Let me say that again as it’s jolly important. You link to files that don’t exist.

That’s just weird, right?

But Ben was switching from Parcel to Snowpack, and Parcel was weird too. In the Gulp days, we were super explicit about what files we were selecting, running tasks on, and where the transformed code went. In webpack, there are very explicit entry and output destinations, and it’s very focused on JavaScript being the input. But Parcel really wanted an HTML file to be the entry point and it would explore itself from there.

I always thought Parcel would have struck a nerve with the WordPress crowd harder, since you could point it at the template file where you link up your assets in a WordPress template and have it do its thing. I guess WordPress is too funky with all the wp_enqueue_style stuff and it just didn’t work?

Ben gives Snowpack a tentative thumbs up.

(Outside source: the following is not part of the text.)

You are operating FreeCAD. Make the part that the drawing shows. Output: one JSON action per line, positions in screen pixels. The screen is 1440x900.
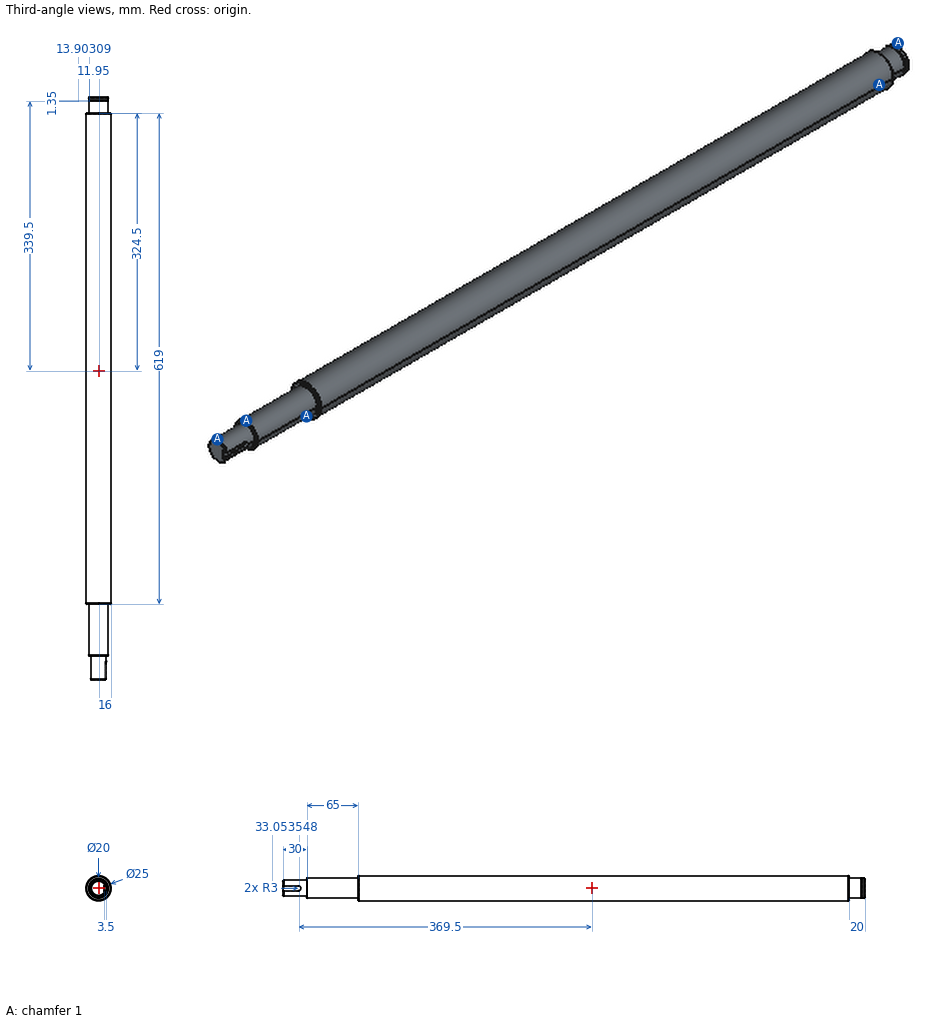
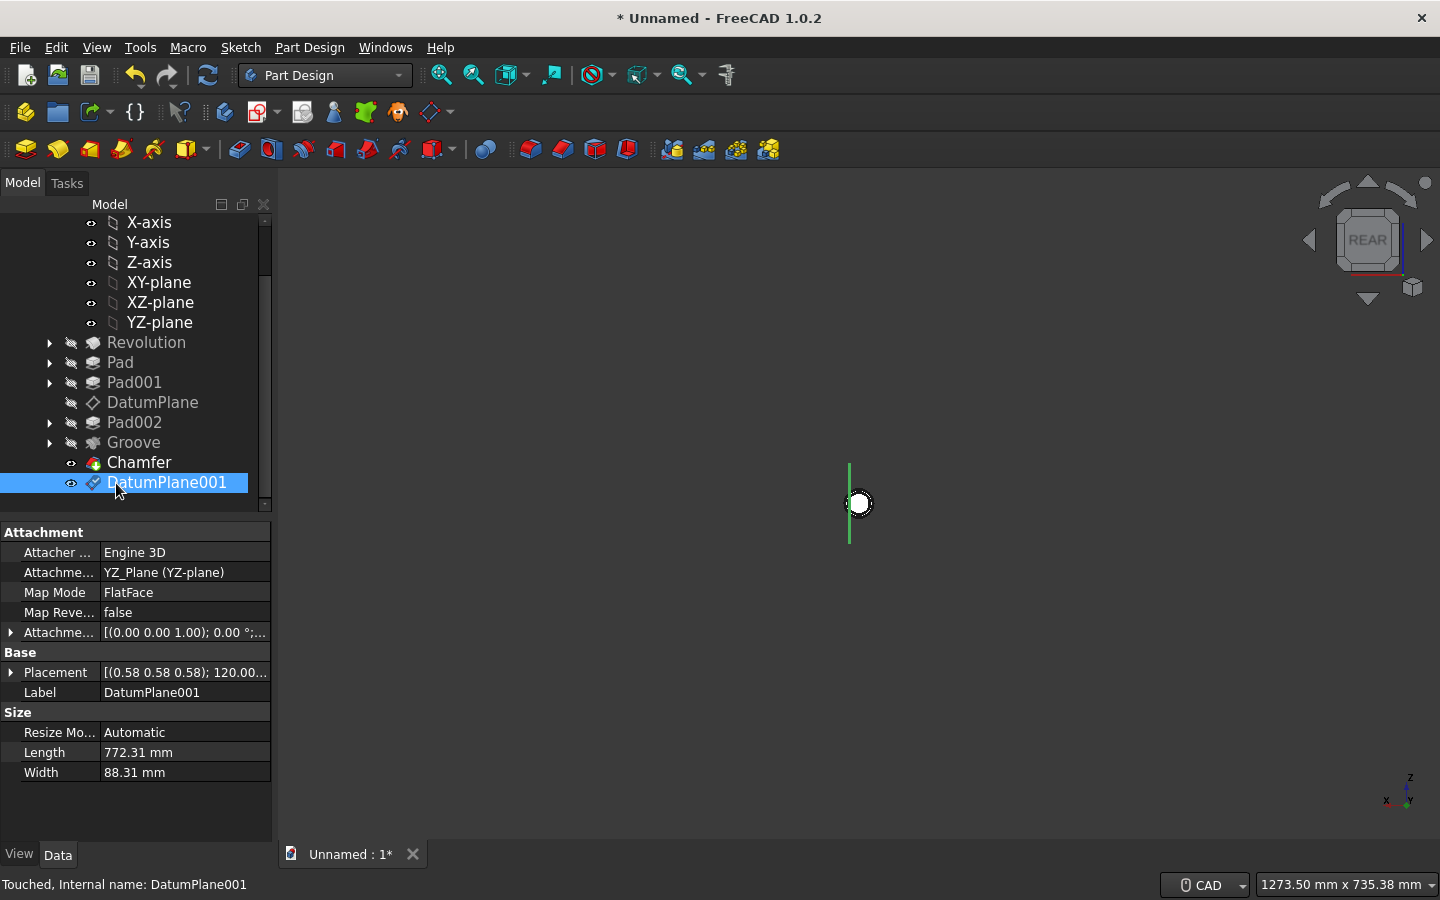
{"action": "left_click", "coordinate": [258, 112]}
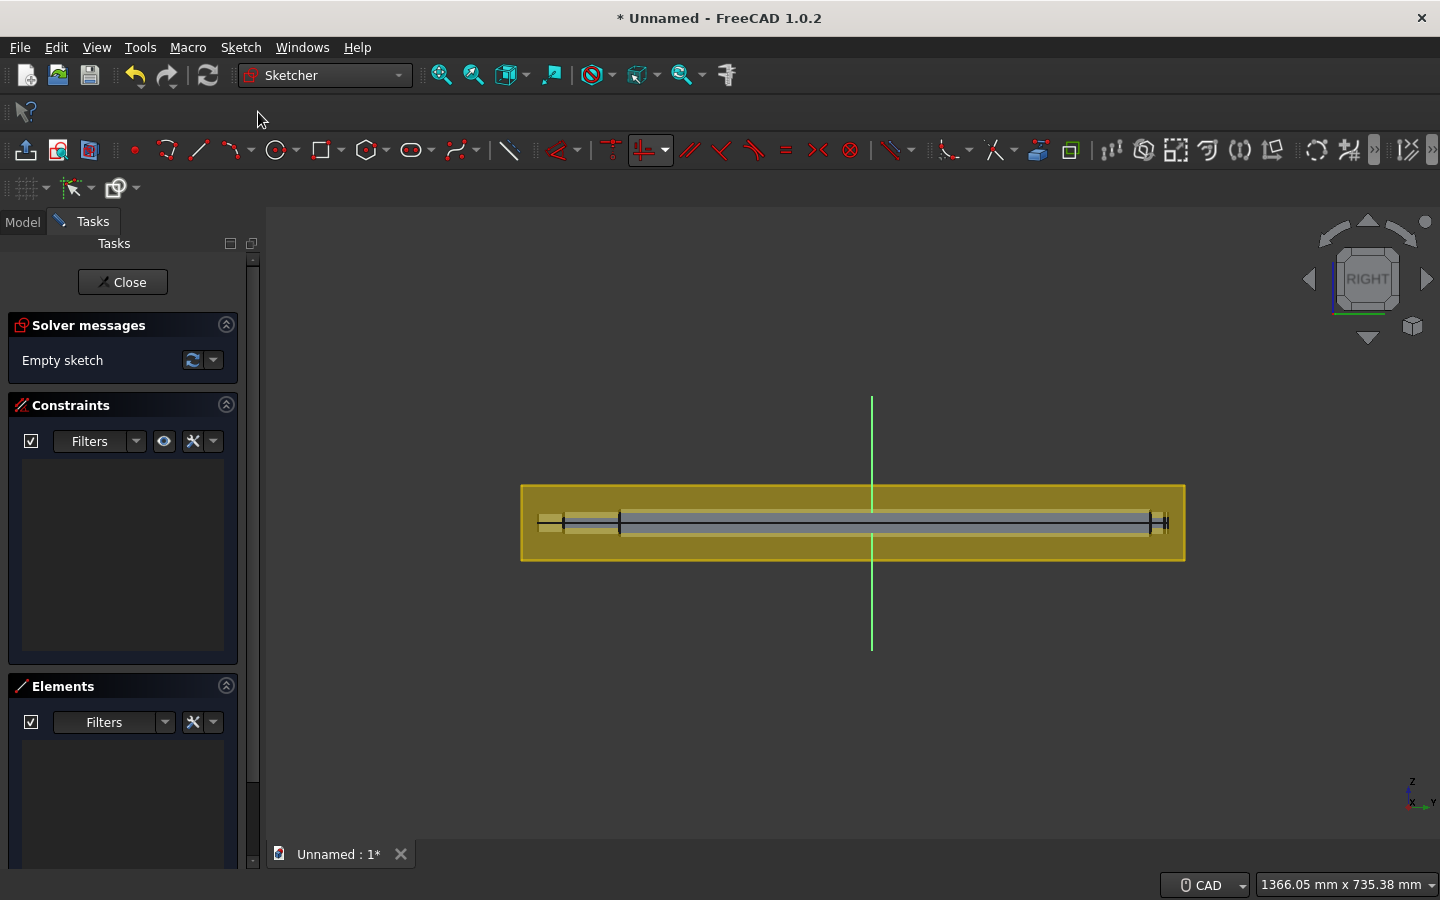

If you are starting a greenfield project I’d have zero qualms opting for Snowpack. It doesn’t have the depth of support documentation or stack overflow questions if you find yourself in the weeds, but generally speaking, it is solid enough to pick up and run with.

Me, next time I get a chance to play with build tools, I think my bar is going to be incredible speed. I’ve spent too much time on projects in my life where the developer experience is slow. I want smokin’ fast updates for whatever I’m working on.